Task instructions -
Please copy each line of the listing that includes the string "units".

++++ Record extracts ++++

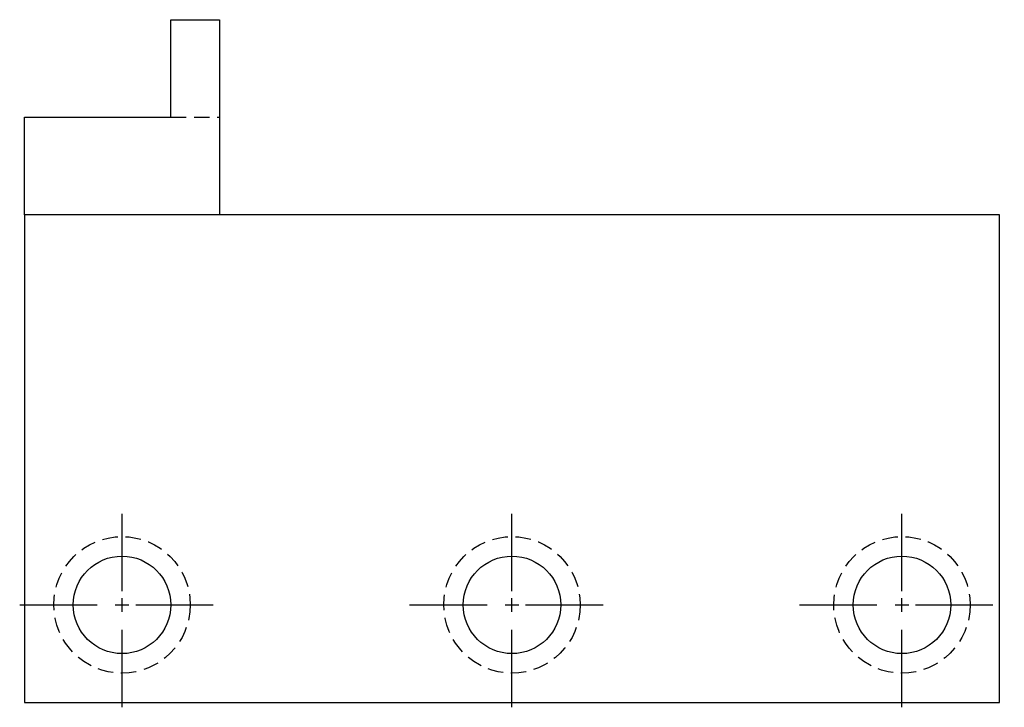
# Model space of a CAD drawing. Header units: millimetres. Extents: x 0 to 100, y 0 to 70.
import ezdxf

# ---------------------------------------------------------------- set-up
doc = ezdxf.new("R2010")
doc.units = ezdxf.units.MM
doc.header["$LTSCALE"] = 0.25
doc.linetypes.add('AXES', pattern=[50.8, 31.75, -6.35, 6.35, -6.35])
doc.linetypes.add('CACHE', pattern=[9.525, 6.35, -3.175])
for name, color, linetype in [('Axes', 10, 'AXES'), ('Cache', 140, 'CACHE'), ('Contours', 191, 'Continuous')]:
    doc.layers.add(name, color=color, linetype=linetype)

# ---------------------------------------------------------------- blocks, each defined once
blk = doc.blocks.new('*U2')
at = {"layer": 'Axes', "color": 0, "linetype": 'AXES', "transparency": 16777216}
for p, q in [((0, 1.4), (0, 10.5)), ((-10.5, 0), (-1.4, 0)), ((1.4, 0), (10.5, 0)), ((0, -10.5), (0, -1.4))]:
    blk.add_line(p, q, dxfattribs=at)
at = {"layer": 'Axes', "color": 0, "linetype": 'Continuous', "transparency": 16777216}
for p, q in [((-0.7, 0), (0.7, 0)), ((0, -0.7), (0, 0.7))]:
    blk.add_line(p, q, dxfattribs=at)
blk = doc.blocks.new('*U39')
at = {"layer": 'Axes', "color": 0, "linetype": 'AXES', "transparency": 16777216}
for p, q in [((0, 1.4), (0, 10.5)), ((-10.5, 0), (-1.4, 0)), ((1.4, 0), (10.5, 0)), ((0, -10.5), (0, -1.4))]:
    blk.add_line(p, q, dxfattribs=at)
at = {"layer": 'Axes', "color": 0, "linetype": 'Continuous', "transparency": 16777216}
for p, q in [((-0.7, 0), (0.7, 0)), ((0, -0.7), (0, 0.7))]:
    blk.add_line(p, q, dxfattribs=at)
blk = doc.blocks.new('*U41')
at = {"layer": 'Axes', "color": 0, "linetype": 'AXES', "transparency": 16777216}
for p, q in [((0, 1.4), (0, 10.5)), ((-10.5, 0), (-1.4, 0)), ((1.4, 0), (10.5, 0)), ((0, -10.5), (0, -1.4))]:
    blk.add_line(p, q, dxfattribs=at)
at = {"layer": 'Axes', "color": 0, "linetype": 'Continuous', "transparency": 16777216}
for p, q in [((-0.7, 0), (0.7, 0)), ((0, -0.7), (0, 0.7))]:
    blk.add_line(p, q, dxfattribs=at)

msp = doc.modelspace()

# ---------------------------------------------------------------- linework, layer by layer
at = {"layer": 'Cache'}
msp.add_line((15, 60), (20, 60), dxfattribs=at)
for centre in [(10, 10), (50, 10), (90, 10)]:
    msp.add_circle(centre, 7, dxfattribs=at)
at = {"layer": 'Contours'}
for p, q in [((15, 60), (15, 70)), ((15, 70), (20, 70)), ((20, 70), (20, 50)), ((0, 50), (0, 60)), ((0, 60), (15, 60))]:
    msp.add_line(p, q, dxfattribs=at)
msp.add_lwpolyline([(0, 0), (100, 0), (100, 50), (0, 50)], close=True, dxfattribs=at)
for centre in [(10, 10), (50, 10), (90, 10)]:
    msp.add_circle(centre, 5, dxfattribs=at)

# ---------------------------------------------------------------- block references
at = {"layer": 'Axes', "linetype": 'AXES'}
for name, p in [('*U2', (10, 10)), ('*U39', (50, 10)), ('*U41', (90, 10))]:
    msp.add_blockref(name, p, dxfattribs=at)

doc.saveas('drawing.dxf')

++++

Reply -
# Model space of a CAD drawing. Header units: millimetres. Extents: x 0 to 100, y 0 to 70.
doc.units = ezdxf.units.MM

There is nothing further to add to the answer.